Template 17 - The Last-Chance Reminder
Subject: Tomorrow: {{event_name}} starts at {{time}}
Quick reminder - {{event_name}} is tomorrow at {{time}} {{timezone}}.
If you haven't registered yet, there are still a few spots open.
[Register before it fills →]
Reminder emails are a major driver of registrations. Send this exactly 24 hours before.
Re-engagement / Win-back
Template 18 - The Honest Check-In

Subject: Still interested? (No hard feelings either way)
Hi {{first_name}},
We noticed you haven't opened our last few emails. Totally fine - but we don't want to keep cluttering your inbox if you're not interested.
Want to stay? Click below.
[Yes, keep me subscribed →]
If we don't hear from you, we'll remove you in 7 days. No hard feelings.

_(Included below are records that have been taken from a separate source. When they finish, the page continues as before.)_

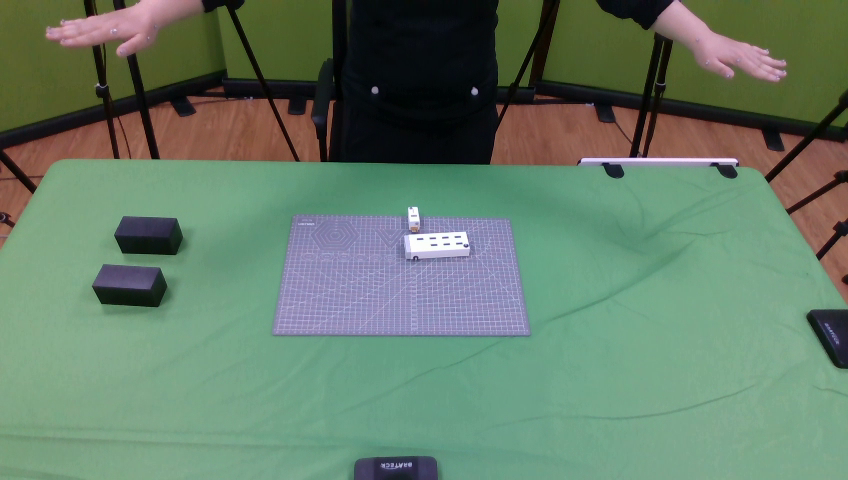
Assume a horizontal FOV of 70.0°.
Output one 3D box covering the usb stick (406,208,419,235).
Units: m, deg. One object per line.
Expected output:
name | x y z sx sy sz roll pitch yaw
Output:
usb stick | -0.023 -0.037 1.225 0.021 0.027 0.059 1 49 -8

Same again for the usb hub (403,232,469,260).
usb hub | 0.023 0.012 1.181 0.125 0.025 0.049 -3 46 -7
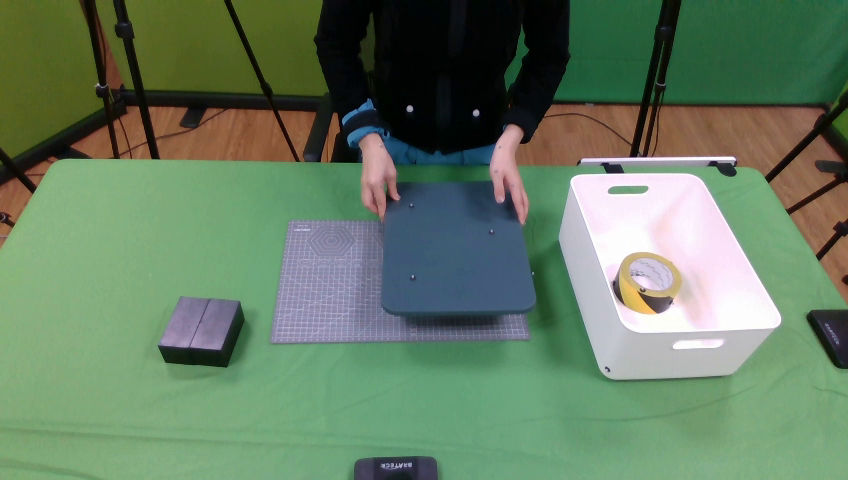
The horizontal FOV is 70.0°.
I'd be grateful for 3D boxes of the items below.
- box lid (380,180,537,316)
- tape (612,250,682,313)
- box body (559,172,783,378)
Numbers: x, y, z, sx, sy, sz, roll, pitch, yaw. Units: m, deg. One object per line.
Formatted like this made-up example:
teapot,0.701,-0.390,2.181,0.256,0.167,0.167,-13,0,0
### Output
box lid,0.055,0.001,1.120,0.263,0.015,0.369,-1,41,0
tape,0.412,0.076,1.123,0.117,0.053,0.116,4,48,-4
box body,0.405,0.057,1.074,0.254,0.161,0.361,-2,46,-5
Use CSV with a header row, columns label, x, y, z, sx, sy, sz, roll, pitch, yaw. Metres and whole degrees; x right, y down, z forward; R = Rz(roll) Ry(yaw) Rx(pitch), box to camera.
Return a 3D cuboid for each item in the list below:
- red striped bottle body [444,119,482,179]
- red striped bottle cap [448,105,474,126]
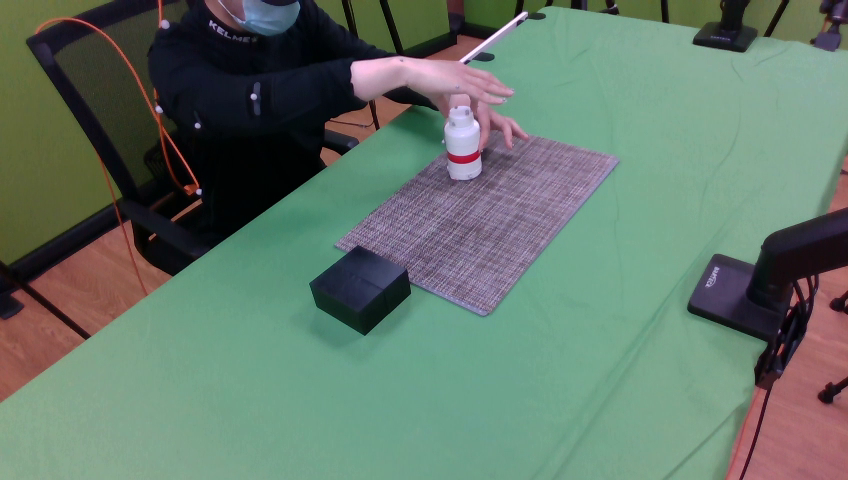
label,x,y,z,sx,sy,sz,roll,pitch,yaw
red striped bottle body,0.069,-0.172,1.076,0.063,0.120,0.062,-4,43,4
red striped bottle cap,0.063,-0.215,1.039,0.044,0.018,0.044,-3,43,4
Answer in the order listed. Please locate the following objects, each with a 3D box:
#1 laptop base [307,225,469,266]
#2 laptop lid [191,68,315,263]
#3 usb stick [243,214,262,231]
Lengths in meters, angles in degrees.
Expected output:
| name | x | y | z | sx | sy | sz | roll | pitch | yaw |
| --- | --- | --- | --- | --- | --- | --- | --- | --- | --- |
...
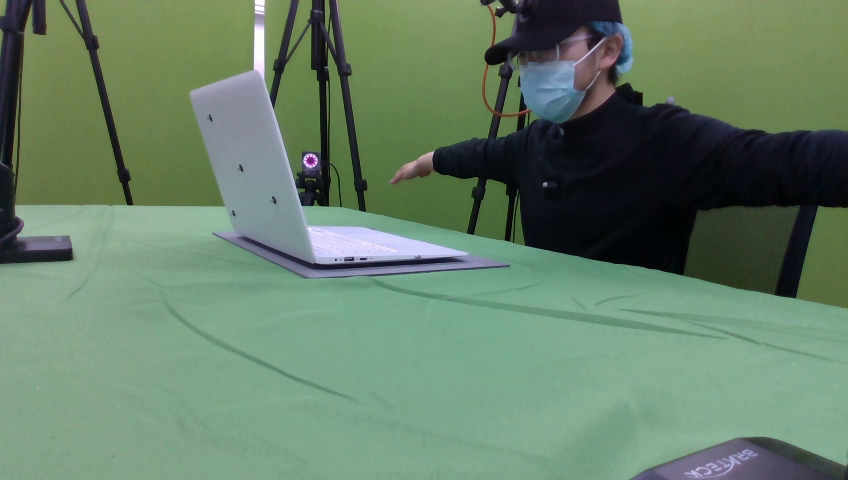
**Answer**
| name | x | y | z | sx | sy | sz | roll | pitch | yaw |
| --- | --- | --- | --- | --- | --- | --- | --- | --- | --- |
| laptop base | -0.125 | 0.006 | 0.936 | 0.237 | 0.023 | 0.352 | 1 | 7 | -33 |
| laptop lid | -0.250 | -0.102 | 0.838 | 0.013 | 0.242 | 0.355 | -22 | 20 | -29 |
| usb stick | -0.298 | -0.030 | 1.053 | 0.021 | 0.027 | 0.059 | 0 | 10 | -31 |
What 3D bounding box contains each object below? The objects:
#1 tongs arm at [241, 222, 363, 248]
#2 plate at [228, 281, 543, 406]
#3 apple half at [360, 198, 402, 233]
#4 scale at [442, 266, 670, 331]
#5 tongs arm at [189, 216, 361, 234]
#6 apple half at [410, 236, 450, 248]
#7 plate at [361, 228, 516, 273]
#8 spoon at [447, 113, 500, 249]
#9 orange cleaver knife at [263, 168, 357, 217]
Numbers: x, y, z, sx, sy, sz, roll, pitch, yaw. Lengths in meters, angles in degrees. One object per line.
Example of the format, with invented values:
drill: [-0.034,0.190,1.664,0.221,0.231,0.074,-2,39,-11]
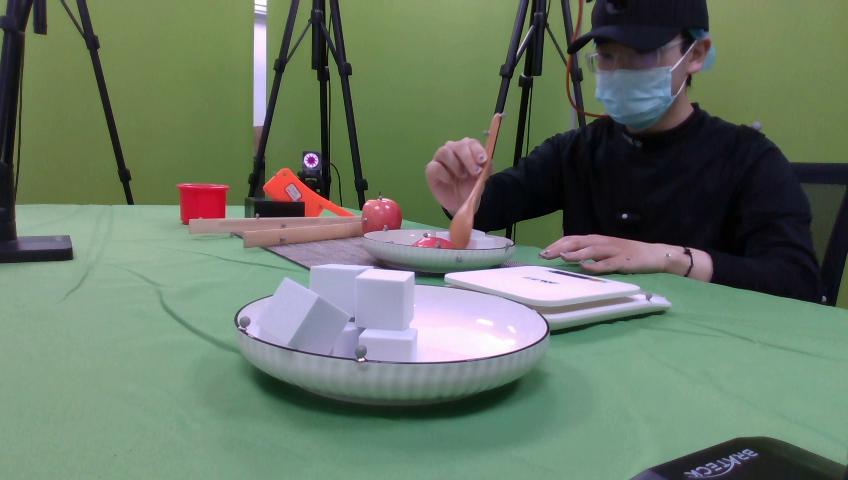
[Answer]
tongs arm: [-0.159,-0.016,1.034,0.028,0.028,0.389,2,6,33]
plate: [-0.025,0.067,0.413,0.208,0.039,0.207,3,7,0]
apple half: [-0.066,-0.033,1.014,0.053,0.074,0.081,9,6,21]
scale: [0.131,0.052,0.603,0.202,0.031,0.148,-3,9,-37]
tongs arm: [-0.221,-0.028,1.088,0.387,0.026,0.050,-3,8,-43]
apple half: [0.014,0.011,0.796,0.081,0.033,0.081,1,10,0]
plate: [0.018,0.013,0.818,0.209,0.038,0.209,2,7,0]
spoon: [0.067,-0.076,0.775,0.022,0.193,0.041,31,-19,-32]
orange cleaver knife: [-0.240,-0.077,1.294,0.212,0.077,0.012,32,-7,-26]
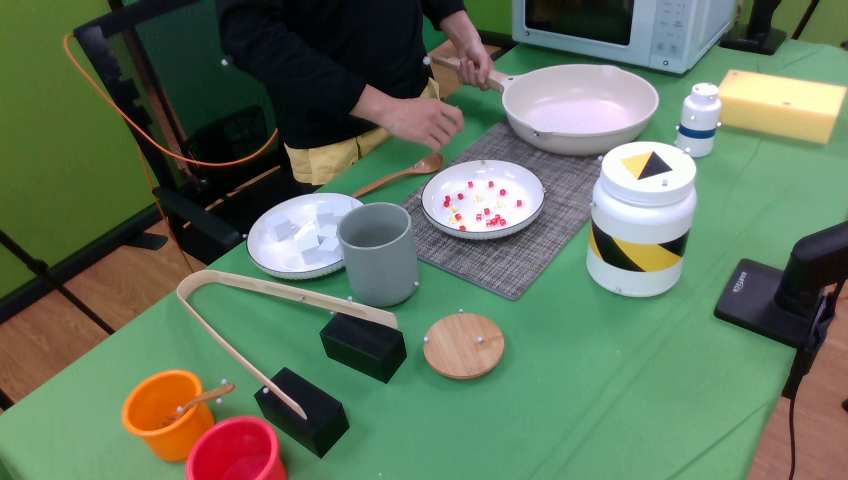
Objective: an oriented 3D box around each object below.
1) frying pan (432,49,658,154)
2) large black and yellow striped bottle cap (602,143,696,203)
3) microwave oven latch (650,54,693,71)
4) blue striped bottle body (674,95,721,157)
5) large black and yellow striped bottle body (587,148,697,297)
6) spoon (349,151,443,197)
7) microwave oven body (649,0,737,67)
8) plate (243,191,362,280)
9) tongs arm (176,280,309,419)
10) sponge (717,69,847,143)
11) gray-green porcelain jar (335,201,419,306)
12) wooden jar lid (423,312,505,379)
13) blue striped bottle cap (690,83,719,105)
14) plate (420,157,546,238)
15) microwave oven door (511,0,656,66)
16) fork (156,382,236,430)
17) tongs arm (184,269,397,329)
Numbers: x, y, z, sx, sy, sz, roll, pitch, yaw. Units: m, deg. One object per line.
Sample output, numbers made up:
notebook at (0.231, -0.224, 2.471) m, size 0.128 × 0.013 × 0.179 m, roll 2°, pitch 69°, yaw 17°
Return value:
frying pan at (0.217, -0.304, 1.222) m, size 0.484 × 0.103 × 0.308 m, roll 30°, pitch 50°, yaw 24°
large black and yellow striped bottle cap at (0.289, -0.088, 0.779) m, size 0.115 × 0.019 × 0.114 m, roll -5°, pitch 39°, yaw 4°
microwave oven latch at (0.531, -0.386, 1.301) m, size 0.078 × 0.029 × 0.030 m, roll 26°, pitch 51°, yaw 33°
blue striped bottle body at (0.486, -0.213, 1.071) m, size 0.063 × 0.121 × 0.063 m, roll -4°, pitch 41°, yaw 4°
large black and yellow striped bottle body at (0.298, -0.026, 0.835) m, size 0.131 × 0.185 × 0.130 m, roll -4°, pitch 41°, yaw 4°
spoon at (-0.051, -0.122, 1.120) m, size 0.194 × 0.022 × 0.041 m, roll -22°, pitch 59°, yaw -18°
microwave oven body at (0.475, -0.602, 1.411) m, size 0.438 × 0.261 × 0.327 m, roll 23°, pitch 50°, yaw 32°
plate at (-0.188, -0.005, 0.992) m, size 0.207 × 0.039 × 0.206 m, roll -4°, pitch 41°, yaw 4°
tongs arm at (-0.254, 0.133, 0.801) m, size 0.028 × 0.028 × 0.384 m, roll -41°, pitch 40°, yaw -23°
sponge at (0.663, -0.256, 1.142) m, size 0.205 × 0.061 × 0.118 m, roll 19°, pitch 47°, yaw 28°
gray-green porcelain jar at (-0.064, 0.024, 0.872) m, size 0.106 × 0.127 × 0.105 m, roll -4°, pitch 41°, yaw 4°
wooden jar lid at (0.053, 0.142, 0.800) m, size 0.108 × 0.021 × 0.108 m, roll -5°, pitch 39°, yaw 4°
blue striped bottle cap at (0.482, -0.251, 1.038) m, size 0.044 × 0.021 × 0.044 m, roll -5°, pitch 40°, yaw 5°
plate at (0.099, -0.067, 1.017) m, size 0.209 × 0.038 × 0.208 m, roll -4°, pitch 40°, yaw 4°
microwave oven door at (0.350, -0.539, 1.349) m, size 0.353 × 0.245 × 0.039 m, roll 24°, pitch 50°, yaw 31°
fork at (-0.262, 0.189, 0.690) m, size 0.018 × 0.206 × 0.028 m, roll 49°, pitch 43°, yaw -7°
tongs arm at (-0.202, 0.085, 0.848) m, size 0.382 × 0.027 × 0.051 m, roll 11°, pitch 45°, yaw 35°
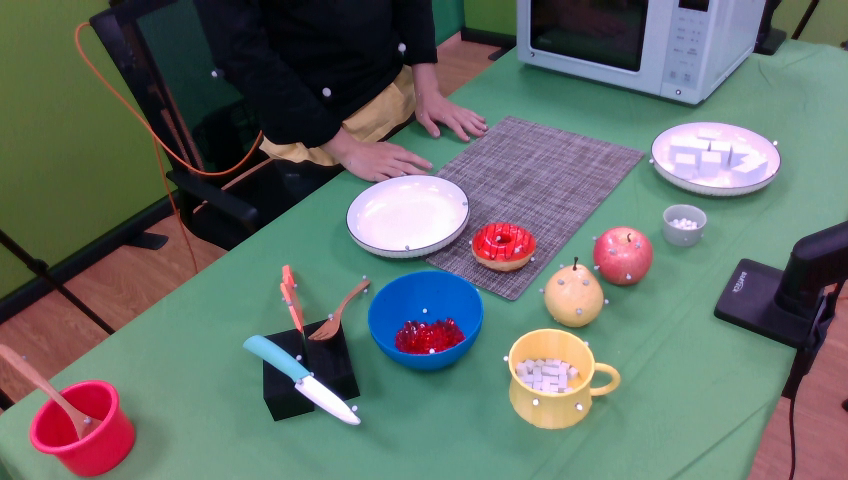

People who don't click get suppressed - your deliverability improves.
Template 19 - The "We Miss You" Discount
Subject: It's been a while. Here's 20% off to come back.
{{First_name}},
You haven't visited in {{timeframe}}. We get it - life's busy.
But if you're ready to come back, here's 20% off your next order: {{CODE}}. Valid for 48 hours.
[Shop with 20% off →]
The 48-hour window creates urgency without being pushy.
Template 20 - The Product Update Win-back
Subject: A lot has changed since you left
Hi {{first_name}},
Since you last logged in, we've shipped {{2-3 major updates}}. The product you tried isn't the product we have now.
Worth another look?
[See what's new →]
Addresses the most common reason people leave - the product didn't do what they needed.
Holiday / Seasonal
Template 21 - The Early-Bird Holiday
Subject: Holiday shopping starts now. Beat the rush.
{{First_name}},
We're launching our holiday deals early - before the inbox chaos starts in December.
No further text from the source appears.